Accordingly, I directed the FCC General Counsel and staff to identify an approach that would restore the status quo—that would allow the agency to move forward with broadband initiatives that empower consumers and enhance economic growth, while also avoiding regulatory overreach. In short, I sought an approach consistent with the longstanding consensus regarding the limited but essential role that government should play with respect to broadband communications.

I am pleased the General Counsel and staff have identified a third-way approach—a legal anchor that gives the Commission only the modest authority it needs to foster a world-leading broadband

infrastructure for all Americans while definitively avoiding the negative consequences of a full reclassification and broad application of Title II.

A Third Way

As General Counsel Austin Schlick explains more fully in his statement today, under this narrow and tailored approach, the Commission would:

∑ Recognize the transmission component of broadband access service—and only this component— as a telecommunications service; ∑ Apply only a handful of provisions of Title II (Sections 201, 202, 208, 222, 254, and 255) that, prior to the Comcast decision, were widely believed to be within the Commission’s purview for broadband; ∑ Simultaneously renounce—that is, forbear from—application of the many sections of the Communications Act that are unnecessary and inappropriate for broadband access service; and ∑ Put in place up-front forbearance and meaningful boundaries to guard against regulatory overreach.

This approach has important virtues.

First, it will place federal policy regarding broadband communications services, including the policies recommended in the National Broadband Plan, on the soundest legal foundation, thereby eliminating as much of the current uncertainty as possible. From reorienting the Universal Service Fund to support broadband in rural America, to adopting focused consumer protection and competition policies, to promoting public safety in a broadband world, this approach would provide a solid legal basis. In particular, it would allow broadband policies to rest on the Commission’s direct authority over telecommunications services while also using ancillary authority as a fallback.
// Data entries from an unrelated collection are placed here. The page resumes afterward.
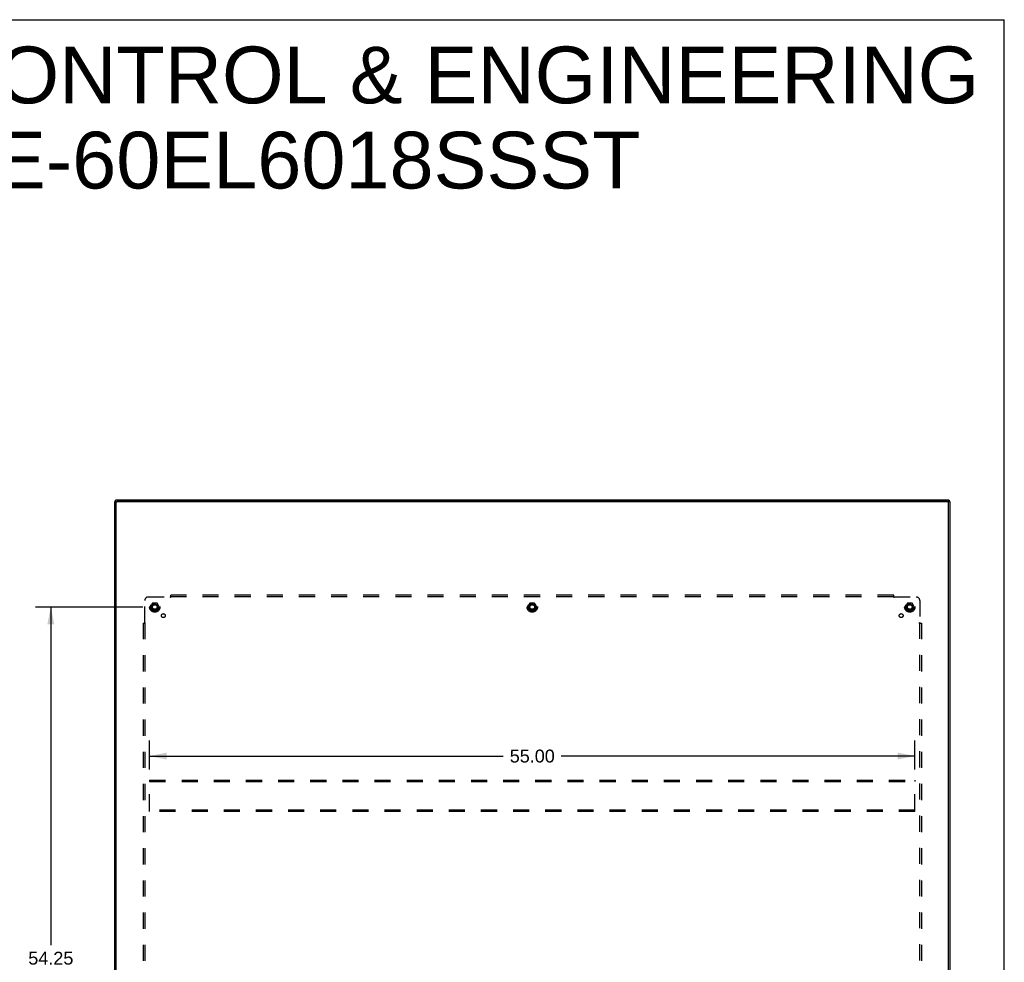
# Model space of a CAD drawing. Header units: inches. Extents: x 0 to 210, y 0 to 136.
# Tile 93 of 93: x 139 to 210, y 68 to 136. Entities that reach past the tile are written whole.
import ezdxf

# ---------------------------------------------------------------- set-up
doc = ezdxf.new("R2010")
doc.units = ezdxf.units.IN
doc.header["$LTSCALE"] = 11.549409
doc.header["$MEASUREMENT"] = 0
doc.linetypes.add('HIDDEN', pattern=[0.2, 0.1, -0.1])
doc.layers.get('0').update_dxf_attribs({"linetype": 'CONTINUOUS'})
for name, color, linetype in [('02___PRT_ALL_AXES', 7, 'CONTINUOUS'), ('DEFAULT_2', 8, 'HIDDEN'), ('DIMENSIONS', 7, 'CONTINUOUS')]:
    doc.layers.add(name, color=color, linetype=linetype)
doc.styles.get("Standard").update_dxf_attribs({"font": 'arial.ttf'})
doc.dimstyles.new('DIMSTYLE_1', dxfattribs={"dimtxt": 0.926423, "dimasz": 1.235231, "dimexe": 0.09, "dimexo": 0.07, "dimgap": 0.0375, "dimtad": 0, "dimtih": 1, "dimtoh": 1, "dimzin": 4, "dimdsep": 46, "dimtxsty": 'Standard', "dimblk": '_FILLED', "dimblk1": '_FILLED', "dimblk2": '_FILLED', "dimcen": 0.09, "dimazin": 1, "dimtfac": 1, "dimtofl": 0, "dimtmove": 0, "dimatfit": 3, "dimldrblk": '_FILLED', "dimfxl": 0, "dimtolj": 1, "dimtzin": 4, "dimarcsym": 0})

# ---------------------------------------------------------------- blocks, each defined once
blk = doc.blocks.new('_FILLED')
at = {"color": 0, "linetype": 'ByBlock'}
blk.add_solid([(0, 0), (-1, 0.2), (-1, -0.2)], dxfattribs=at)
blk = doc.blocks.new('*D2')
at = {"layer": 'DIMENSIONS', "color": 2, "linetype": 'Continuous'}
for p, q in [((148.083, 93.7), (140.368, 93.7)), ((141.48, 93.7), (141.48, 69.407)), ((141.48, 39.45), (141.48, 67.555)), ((148.083, 39.45), (140.368, 39.45))]:
    blk.add_line(p, q, dxfattribs=at)
at = {"layer": 'DIMENSIONS', "color": 2, "linetype": 'Continuous', "xscale": 1.2352309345, "yscale": 1.2352309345, "zscale": 1.2352309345}
for p, rotation in [((141.48, 93.7), 90), ((141.48, 39.45), 270)]:
    blk.add_blockref('_FILLED', p, dxfattribs=dict(at, rotation=rotation))
at = {"layer": 'DIMENSIONS', "color": 2, "linetype": 'Continuous', "insert": (141.48, 68.944), "char_height": 0.9264, "width": 3.23732, "attachment_point": 2, "line_spacing_factor": 0.9}
blk.add_mtext('54.25', dxfattribs=at)
blk = doc.blocks.new('*D7')
at = {"layer": 'DIMENSIONS', "color": 2, "linetype": 'Continuous'}
for p, q in [((148.572, 82.023), (148.572, 84.108)), ((203.572, 82.023), (203.572, 84.108)), ((148.572, 82.997), (173.99, 82.997)), ((203.572, 82.997), (178.154, 82.997))]:
    blk.add_line(p, q, dxfattribs=at)
at = {"layer": 'DIMENSIONS', "color": 2, "linetype": 'Continuous', "xscale": 1.2352309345, "yscale": 1.2352309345, "zscale": 1.2352309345, "rotation": 180}
blk.add_blockref('_FILLED', (148.572, 82.997), dxfattribs=at)
at = {"layer": 'DIMENSIONS', "color": 2, "linetype": 'Continuous', "xscale": 1.2352309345, "yscale": 1.2352309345, "zscale": 1.2352309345}
blk.add_blockref('_FILLED', (203.572, 82.997), dxfattribs=at)
at = {"layer": 'DIMENSIONS', "color": 2, "linetype": 'Continuous', "insert": (176.072, 83.46), "char_height": 0.9264, "width": 3.23732, "attachment_point": 2, "line_spacing_factor": 0.9}
blk.add_mtext('55.00', dxfattribs=at)

msp = doc.modelspace()

# ---------------------------------------------------------------- linework, layer by layer
at = {"color": 7, "linetype": 'Continuous'}
for p, q in [((0, 135.875), (209.989, 135.875)), ((209.989, 0), (209.989, 135.875)), ((146.176, 101.277), (146.072, 101.277)), ((146.124, 101.277), (146.124, 101.371)), ((146.176, 101.212), (146.176, 101.277)), ((146.184, 101.387), (205.96, 101.387)), ((205.968, 101.212), (205.968, 101.277)), ((205.968, 101.277), (206.072, 101.277)), ((206.02, 101.371), (206.02, 101.277))]:
    msp.add_line(p, q, dxfattribs=at)
at = {"color": 3, "linetype": 'Continuous'}
for p, q in [((146.072, 36.679), (146.072, 101.277)), ((146.176, 36.739), (146.176, 101.212)), ((146.184, 101.287), (205.96, 101.287)), ((205.908, 101.272), (146.236, 101.272)), ((205.968, 36.739), (205.968, 101.212)), ((206.072, 101.277), (206.072, 36.679))]:
    msp.add_line(p, q, dxfattribs=at)
at = {"color": 7, "linetype": 'Continuous'}
for points in [[(146.124, 101.371), (146.124, 101.373), (146.125, 101.374), (146.126, 101.376), (146.128, 101.377), (146.13, 101.378), (146.132, 101.379), (146.135, 101.38), (146.138, 101.381), (146.142, 101.382), (146.146, 101.383), (146.15, 101.384), (146.154, 101.385), (146.159, 101.386), (146.164, 101.386), (146.169, 101.386), (146.174, 101.387), (146.179, 101.387), (146.184, 101.387)], [(205.96, 101.387), (205.965, 101.387), (205.971, 101.387), (205.976, 101.386), (205.981, 101.386), (205.986, 101.386), (205.99, 101.385), (205.995, 101.384), (205.999, 101.383), (206.003, 101.382), (206.006, 101.381), (206.009, 101.38), (206.012, 101.379), (206.015, 101.378), (206.017, 101.377), (206.018, 101.376), (206.019, 101.374), (206.02, 101.373), (206.02, 101.371)]]:
    msp.add_lwpolyline(points, dxfattribs=at)
at = {"color": 3, "linetype": 'Continuous'}
for points in [[(146.184, 101.287), (146.179, 101.287), (146.174, 101.286), (146.169, 101.286), (146.164, 101.286), (146.159, 101.285), (146.154, 101.284), (146.15, 101.284), (146.146, 101.283), (146.142, 101.282), (146.138, 101.281), (146.135, 101.28), (146.132, 101.279), (146.13, 101.278), (146.128, 101.277)], [(206.016, 101.277), (206.015, 101.278), (206.012, 101.279), (206.009, 101.28), (206.006, 101.281), (206.003, 101.282), (205.999, 101.283), (205.995, 101.284), (205.99, 101.284), (205.986, 101.285), (205.981, 101.286), (205.976, 101.286), (205.971, 101.286), (205.965, 101.287), (205.96, 101.287)]]:
    msp.add_lwpolyline(points, dxfattribs=at)
for centre, start, end in [((146.236, 101.212), 90, 180), ((205.908, 101.212), 0, 90)]:
    msp.add_arc(centre, 0.06, start, end, dxfattribs=at)
at = {"layer": '02___PRT_ALL_AXES', "color": 8, "linetype": 'HIDDEN'}
for centre, radius in [((148.947, 93.7), 0.372), ((148.947, 93.7), 0.356), ((148.947, 93.7), 0.25), ((148.947, 93.7), 0.183), ((176.072, 93.7), 0.372), ((176.072, 93.7), 0.356), ((176.072, 93.7), 0.25), ((176.072, 93.7), 0.183), ((203.197, 93.7), 0.372), ((203.197, 93.7), 0.356), ((203.197, 93.7), 0.25), ((203.197, 93.7), 0.183), ((149.566, 93.081), 0.141), ((202.578, 93.081), 0.141)]:
    msp.add_circle(centre, radius, dxfattribs=at)
at = {"layer": 'DEFAULT_2', "color": 8, "linetype": 'HIDDEN'}
for p, q in [((148.228, 92.579), (148.228, 94.169)), ((148.478, 94.419), (150.068, 94.419)), ((150.086, 94.437), (150.08, 94.431)), ((150.103, 94.378), (150.103, 94.544)), ((202.041, 94.544), (150.103, 94.544)), ((202.041, 94.419), (150.103, 94.419)), ((202.041, 94.378), (202.041, 94.544)), ((202.076, 94.419), (203.666, 94.419)), ((203.916, 94.169), (203.916, 92.579)), ((148.784, 93.972), (148.63, 93.705)), ((148.63, 93.695), (148.784, 93.427)), ((149.102, 93.977), (148.793, 93.977)), ((149.102, 93.422), (148.793, 93.422)), ((149.265, 93.705), (149.11, 93.972)), ((149.11, 93.427), (149.265, 93.695)), ((175.909, 93.972), (175.755, 93.705)), ((175.755, 93.695), (175.909, 93.427)), ((176.227, 93.977), (175.918, 93.977)), ((176.227, 93.422), (175.918, 93.422)), ((176.39, 93.705), (176.235, 93.972)), ((176.235, 93.427), (176.39, 93.695)), ((203.034, 93.972), (202.88, 93.705)), ((202.88, 93.695), (203.034, 93.427)), ((203.352, 93.977), (203.043, 93.977)), ((203.352, 93.422), (203.043, 93.422)), ((203.515, 93.705), (203.36, 93.972)), ((203.36, 93.427), (203.515, 93.695)), ((148.103, 92.544), (148.103, 40.606)), ((148.103, 92.544), (148.269, 92.544)), ((148.228, 92.544), (148.228, 40.606)), ((203.875, 92.544), (204.041, 92.544)), ((203.916, 40.606), (203.916, 92.544)), ((203.935, 92.561), (203.928, 92.567)), ((204.041, 92.544), (204.041, 40.606)), ((148.572, 81.262), (148.572, 81.158)), ((148.572, 81.262), (203.572, 81.262)), ((148.572, 79.116), (148.572, 81.158)), ((148.572, 81.158), (203.572, 81.158)), ((203.572, 81.262), (203.572, 81.158)), ((203.572, 79.116), (203.572, 81.158)), ((148.572, 79.012), (148.572, 79.116)), ((203.572, 79.116), (148.572, 79.116)), ((203.572, 79.012), (148.572, 79.012)), ((203.572, 79.012), (203.572, 79.116))]:
    msp.add_line(p, q, dxfattribs=at)
for points in [[(150.08, 94.431), (150.078, 94.429), (150.076, 94.427), (150.074, 94.425), (150.073, 94.424), (150.071, 94.422), (150.069, 94.42), (150.068, 94.419)], [(150.081, 94.399), (150.078, 94.404), (150.077, 94.406), (150.075, 94.409), (150.074, 94.411), (150.072, 94.413), (150.071, 94.415), (150.07, 94.417), (150.068, 94.419)], [(150.103, 94.378), (150.102, 94.378), (150.1, 94.379), (150.098, 94.38), (150.097, 94.381), (150.095, 94.382), (150.094, 94.383), (150.092, 94.385), (150.091, 94.386), (150.089, 94.388), (150.088, 94.389), (150.086, 94.391), (150.085, 94.393), (150.084, 94.395), (150.082, 94.397), (150.081, 94.399)], [(150.103, 94.457), (150.102, 94.455), (150.1, 94.453), (150.099, 94.451), (150.097, 94.449), (150.096, 94.447), (150.094, 94.445), (150.092, 94.444), (150.091, 94.442), (150.089, 94.44), (150.088, 94.439), (150.086, 94.437)], [(202.041, 94.457), (202.043, 94.455), (202.044, 94.453), (202.046, 94.451), (202.047, 94.449), (202.049, 94.447), (202.05, 94.445), (202.052, 94.444), (202.053, 94.442), (202.055, 94.44), (202.056, 94.439), (202.058, 94.437)], [(202.041, 94.378), (202.043, 94.378), (202.044, 94.379), (202.046, 94.38), (202.048, 94.381), (202.049, 94.382), (202.051, 94.383), (202.052, 94.385), (202.054, 94.386), (202.055, 94.388), (202.057, 94.389), (202.058, 94.391), (202.059, 94.393), (202.061, 94.395), (202.062, 94.397), (202.063, 94.399), (202.065, 94.402), (202.066, 94.404), (202.068, 94.406), (202.069, 94.409), (202.071, 94.411), (202.072, 94.413), (202.073, 94.415), (202.075, 94.417), (202.076, 94.419)], [(202.058, 94.437), (202.064, 94.431), (202.066, 94.429), (202.068, 94.427), (202.07, 94.425), (202.072, 94.424), (202.073, 94.422), (202.075, 94.42), (202.076, 94.419)], [(148.19, 92.544), (148.192, 92.545), (148.194, 92.547), (148.196, 92.548), (148.198, 92.55), (148.2, 92.552), (148.202, 92.553), (148.204, 92.555), (148.205, 92.556), (148.207, 92.558), (148.208, 92.559), (148.21, 92.561)], [(148.21, 92.561), (148.216, 92.567), (148.218, 92.569), (148.22, 92.571), (148.222, 92.573), (148.224, 92.574), (148.225, 92.576), (148.227, 92.578), (148.228, 92.579)], [(148.243, 92.569), (148.241, 92.57), (148.238, 92.572), (148.236, 92.573), (148.234, 92.575), (148.232, 92.576), (148.23, 92.578), (148.228, 92.579)], [(148.269, 92.544), (148.269, 92.545), (148.268, 92.547), (148.267, 92.549), (148.266, 92.55), (148.265, 92.552), (148.264, 92.553), (148.262, 92.555), (148.261, 92.557), (148.259, 92.558), (148.258, 92.559), (148.256, 92.561), (148.254, 92.562), (148.252, 92.563), (148.25, 92.565), (148.248, 92.566), (148.243, 92.569)], [(203.875, 92.544), (203.876, 92.545), (203.877, 92.547), (203.877, 92.549), (203.878, 92.55), (203.879, 92.552), (203.881, 92.553), (203.882, 92.555), (203.883, 92.557), (203.885, 92.558), (203.887, 92.559), (203.888, 92.561), (203.89, 92.562), (203.892, 92.563), (203.894, 92.565), (203.897, 92.566)], [(203.897, 92.566), (203.901, 92.569), (203.904, 92.57), (203.906, 92.572), (203.908, 92.573), (203.91, 92.575), (203.912, 92.576), (203.914, 92.578), (203.916, 92.579)], [(203.928, 92.567), (203.926, 92.569), (203.924, 92.571), (203.923, 92.573), (203.921, 92.574), (203.919, 92.576), (203.917, 92.578), (203.916, 92.579)], [(203.955, 92.544), (203.952, 92.545), (203.95, 92.547), (203.948, 92.548), (203.946, 92.55), (203.944, 92.552), (203.943, 92.553), (203.941, 92.555), (203.939, 92.556), (203.938, 92.558), (203.936, 92.559), (203.935, 92.561)]]:
    msp.add_lwpolyline(points, dxfattribs=at)
for centre, radius in [((148.947, 93.7), 0.318), ((148.947, 93.7), 0.204), ((148.947, 93.7), 0.183), ((148.947, 93.7), 0.183), ((148.947, 93.7), 0.166), ((176.072, 93.7), 0.318), ((176.072, 93.7), 0.204), ((176.072, 93.7), 0.183), ((176.072, 93.7), 0.183), ((176.072, 93.7), 0.166), ((203.197, 93.7), 0.318), ((203.197, 93.7), 0.204), ((203.197, 93.7), 0.183), ((203.197, 93.7), 0.183), ((203.197, 93.7), 0.166)]:
    msp.add_circle(centre, radius, dxfattribs=at)
for centre, radius, start, end in [((148.478, 94.169), 0.25, 90, 180), ((203.666, 94.169), 0.25, 0, 90), ((148.638, 93.7), 0.01, 150.01268, 209.98829), ((148.793, 93.967), 0.01, 90.01235, 149.98915), ((148.793, 93.432), 0.01, 210.01204, 269.98872), ((149.102, 93.967), 0.01, 30.01204, 89.98872), ((149.102, 93.432), 0.01, 270.01235, 329.98915), ((149.256, 93.7), 0.01, 330.01268, 29.98829), ((175.763, 93.7), 0.01, 150.01268, 209.98829), ((175.918, 93.967), 0.01, 90.01235, 149.98915), ((175.918, 93.432), 0.01, 210.01204, 269.98872), ((176.227, 93.967), 0.01, 30.01204, 89.98872), ((176.227, 93.432), 0.01, 270.01235, 329.98915), ((176.381, 93.7), 0.01, 330.01268, 29.98829), ((202.888, 93.7), 0.01, 150.01268, 209.98829), ((203.043, 93.967), 0.01, 90.01235, 149.98915), ((203.043, 93.432), 0.01, 210.01204, 269.98872), ((203.352, 93.967), 0.01, 30.01204, 89.98872), ((203.352, 93.432), 0.01, 270.01235, 329.98915), ((203.506, 93.7), 0.01, 330.01268, 29.98829)]:
    msp.add_arc(centre, radius, start, end, dxfattribs=at)

# ---------------------------------------------------------------- texts
at = {"layer": 'DIMENSIONS', "color": 2, "linetype": 'Continuous', "insert": (156.633, 133.946), "char_height": 4.07626, "width": 102.95214, "attachment_point": 2, "line_spacing_factor": 0.9}
msp.add_mtext('SAGINAW CONTROL & ENGINEERING\\PSCE-60EL6018SSST', dxfattribs=at)

# ---------------------------------------------------------------- dimensions: what is measured, and where the dimension line sits
at = {"layer": 'DIMENSIONS', "color": 2, "linetype": 'Continuous'}
dim = msp.add_linear_dim(base=(141.48, 39.45), p1=(148.153, 93.7), p2=(148.153, 39.45), angle=270, dimstyle='DIMSTYLE_1', dxfattribs=at)
dim.commit()
dim.dimension.update_dxf_attribs({"geometry": '*D2', "text_midpoint": (141.48, 68.476), "dimtype": 160})
dim = msp.add_linear_dim(base=(203.572, 82.997), p1=(148.572, 84.178), p2=(203.572, 84.178), dimstyle='DIMSTYLE_1', dxfattribs=at)
dim.commit()
dim.dimension.update_dxf_attribs({"geometry": '*D7', "text_midpoint": (176.069, 82.992), "dimtype": 160})

doc.saveas('drawing.dxf')

Second, the approach is narrow. It will treat only the transmission component of broadband access service as a telecommunications service while preserving the longstanding consensus that the FCC should not regulate the Internet, including web-based services and applications, e-commerce sites, and online content.

Third, this approach would restore the status quo. It would not change the range of obligations that broadband access service providers faced pre- Comcast. It would not give the FCC greater authority than the Commission was understood to have pre- Comcast. And it would not change established policy understandings at the FCC, such as the existing approach to unbundling or the practice of not regulating broadband prices or pricing structures. It would merely restore the longstanding deregulatory—as opposed to “no-regulatory” or “over-regulatory”—compact.

Fourth, the approach would establish meaningful boundaries and constraints to prevent regulatory overreach. The FCC would invoke only the few provisions necessary to achieve its limited but essential goals. Notably, these are the very same provisions (sections 201, 202, and 254, for example) that telephone and cable companies agree the FCC should invoke, albeit indirectly under an “ancillary authority” approach. The Commission would take steps to give providers and their investors confidence and certainty that this renunciation of regulatory overreach will not unravel while also giving consumers, small businesses, entrepreneurs and innovators the confidence and certainty they need and deserve. Since Congress gave the Commission forbearance authority 17 years ago, the Commission has never reversed or undone a forbearance decision.